=== What you need to do ===
Please repeat exactly the lines from the one containing "table_header Aanbieder [248, 1077, 417, 1094]" through the last line of the records below, leaving out any pictures.

==== Given records

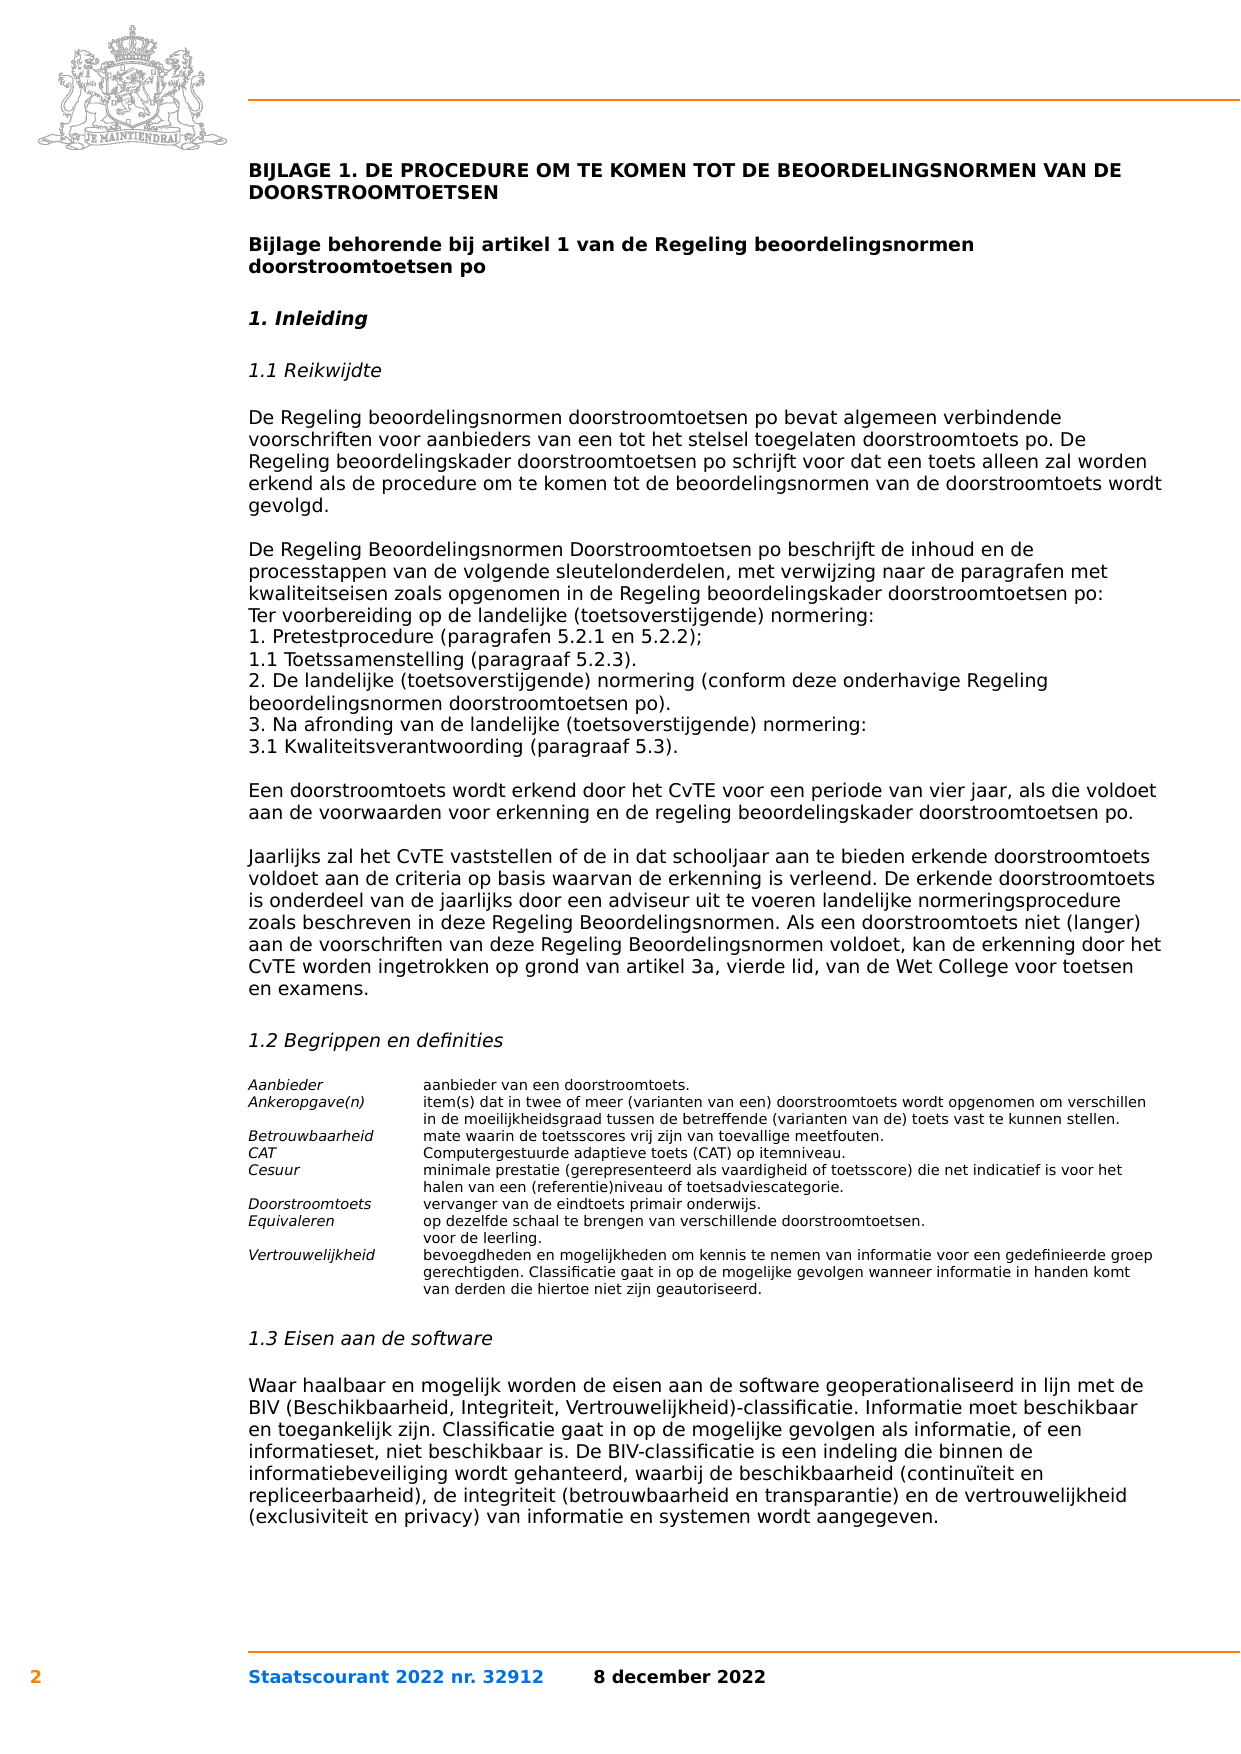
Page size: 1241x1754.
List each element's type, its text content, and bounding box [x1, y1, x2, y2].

table_cell minimale prestatie (gerepresenteerd als vaardigheid of toetsscore) die net indicatief is voor het halen van een (referentie)niveau of toetsadviescategorie. [417, 1162, 1163, 1196]
table_cell mate waarin de toetsscores vrij zijn van toevallige meetfouten. [417, 1128, 1163, 1145]
table_cell Betrouwbaarheid [248, 1128, 417, 1145]
table_cell Vertrouwelijkheid [248, 1247, 417, 1298]
text 1.1 Toetssamenstelling (paragraaf 5.2.3). [248, 648, 1163, 670]
text De Regeling Beoordelingsnormen Doorstroomtoetsen po beschrijft de inhoud en de processtappen van de volgende sleutelonderdelen, met verwijzing naar de paragrafen met kwaliteitseisen zoals opgenomen in de Regeling beoordelingskader doorstroomtoetsen po: [248, 538, 1163, 604]
subtitle Bijlage behorende bij artikel 1 van de Regeling beoordelingsnormen doorstroomtoetsen po [248, 234, 1163, 278]
table_cell CAT [248, 1145, 417, 1162]
table_cell op dezelfde schaal te brengen van verschillende doorstroomtoetsen. voor de leerling. [417, 1213, 1163, 1247]
table_cell Cesuur [248, 1162, 417, 1196]
table_header aanbieder van een doorstroomtoets. [417, 1077, 1163, 1094]
picture [38, 25, 227, 150]
text Jaarlijks zal het CvTE vaststellen of de in dat schooljaar aan te bieden erkende doorstroomtoets voldoet aan de criteria op basis waarvan de erkenning is verleend. De erkende doorstroomtoets is onderdeel van de jaarlijks door een adviseur uit te voeren landelijke normeringsprocedure zoals beschreven in deze Regeling Beoordelingsnormen. Als een doorstroomtoets niet (langer) aan de voorschriften van deze Regeling Beoordelingsnormen voldoet, kan de erkenning door het CvTE worden ingetrokken op grond van artikel 3a, vierde lid, van de Wet College voor toetsen en examens. [248, 846, 1163, 1000]
table_cell Ankeropgave(n) [248, 1094, 417, 1128]
table_cell item(s) dat in twee of meer (varianten van een) doorstroomtoets wordt opgenomen om verschillen in de moeilijkheidsgraad tussen de betreffende (varianten van de) toets vast te kunnen stellen. [417, 1094, 1163, 1128]
table_cell Equivaleren [248, 1213, 417, 1247]
text Ter voorbereiding op de landelijke (toetsoverstijgende) normering: [248, 604, 1163, 626]
text Een doorstroomtoets wordt erkend door het CvTE voor een periode van vier jaar, als die voldoet aan de voorwaarden voor erkenning en de regeling beoordelingskader doorstroomtoetsen po. [248, 780, 1163, 824]
text 2. De landelijke (toetsoverstijgende) normering (conform deze onderhavige Regeling beoordelingsnormen doorstroomtoetsen po). [248, 670, 1163, 714]
text 1. Pretestprocedure (paragrafen 5.2.1 en 5.2.2); [248, 626, 1163, 648]
text 3.1 Kwaliteitsverantwoording (paragraaf 5.3). [248, 736, 1163, 758]
subtitle 1.2 Begrippen en definities [248, 1030, 1163, 1052]
subtitle BIJLAGE 1. DE PROCEDURE OM TE KOMEN TOT DE BEOORDELINGSNORMEN VAN DE DOORSTROOMTOETSEN [248, 160, 1163, 204]
table_cell bevoegdheden en mogelijkheden om kennis te nemen van informatie voor een gedefinieerde groep gerechtigden. Classificatie gaat in op de mogelijke gevolgen wanneer informatie in handen komt van derden die hiertoe niet zijn geautoriseerd. [417, 1247, 1163, 1298]
subtitle 1. Inleiding [248, 308, 1163, 330]
subtitle 1.3 Eisen aan de software [248, 1328, 1163, 1349]
text Waar haalbaar en mogelijk worden de eisen aan de software geoperationaliseerd in lijn met de BIV (Beschikbaarheid, Integriteit, Vertrouwelijkheid)-classificatie. Informatie moet beschikbaar en toegankelijk zijn. Classificatie gaat in op de mogelijke gevolgen als informatie, of een informatieset, niet beschikbaar is. De BIV-classificatie is een indeling die binnen de informatiebeveiliging wordt gehanteerd, waarbij de beschikbaarheid (continuïteit en repliceerbaarheid), de integriteit (betrouwbaarheid en transparantie) en de vertrouwelijkheid (exclusiviteit en privacy) van informatie en systemen wordt aangegeven. [248, 1374, 1163, 1528]
table_cell vervanger van de eindtoets primair onderwijs. [417, 1196, 1163, 1213]
text De Regeling beoordelingsnormen doorstroomtoetsen po bevat algemeen verbindende voorschriften voor aanbieders van een tot het stelsel toegelaten doorstroomtoets po. De Regeling beoordelingskader doorstroomtoetsen po schrijft voor dat een toets alleen zal worden erkend als de procedure om te komen tot de beoordelingsnormen van de doorstroomtoets wordt gevolgd. [248, 407, 1163, 517]
table_cell Computergestuurde adaptieve toets (CAT) op itemniveau. [417, 1145, 1163, 1162]
text 3. Na afronding van de landelijke (toetsoverstijgende) normering: [248, 714, 1163, 736]
subtitle 1.1 Reikwijdte [248, 360, 1163, 382]
table_header Aanbieder [248, 1077, 417, 1094]
table_cell Doorstroomtoets [248, 1196, 417, 1213]
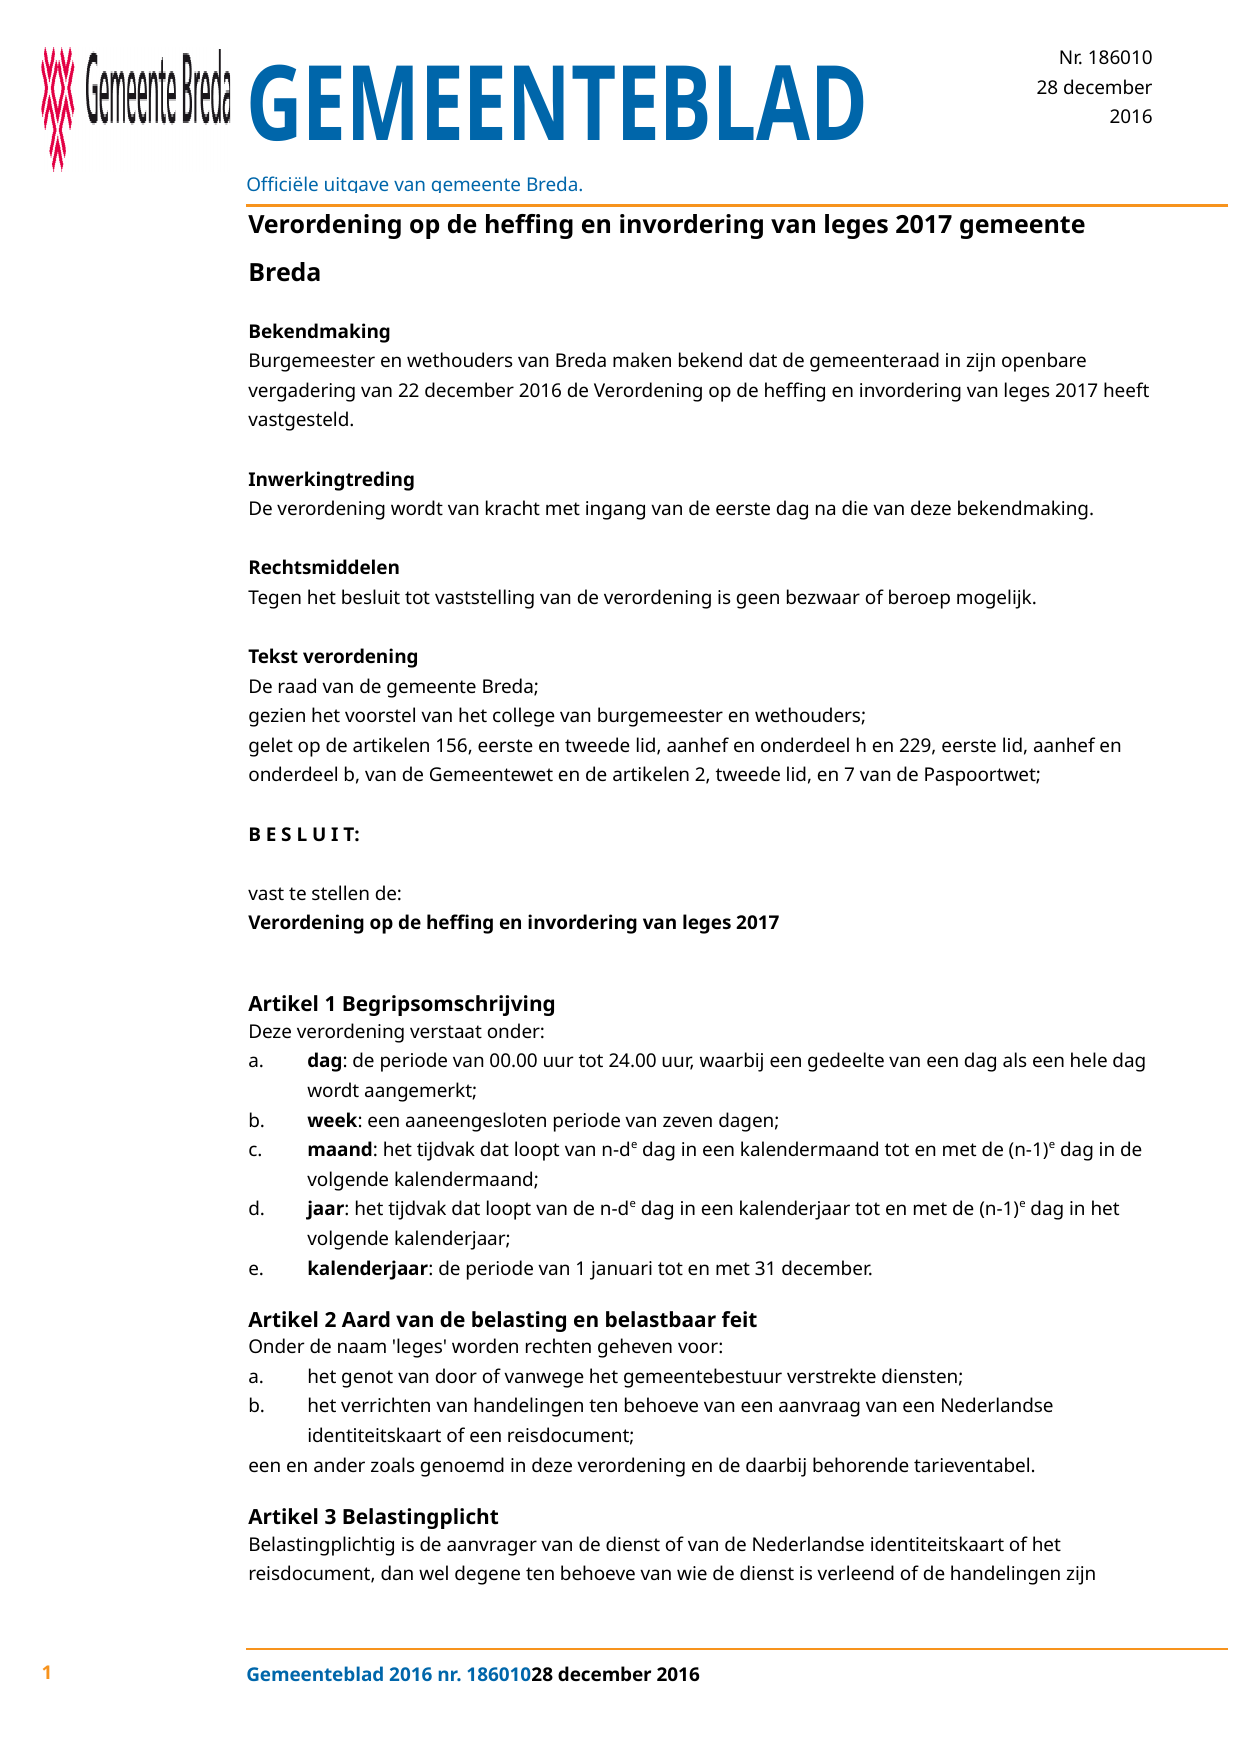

========

=== Answer area ===
table_header Aanbieder [248, 1077, 417, 1094]
table_cell Doorstroomtoets [248, 1196, 417, 1213]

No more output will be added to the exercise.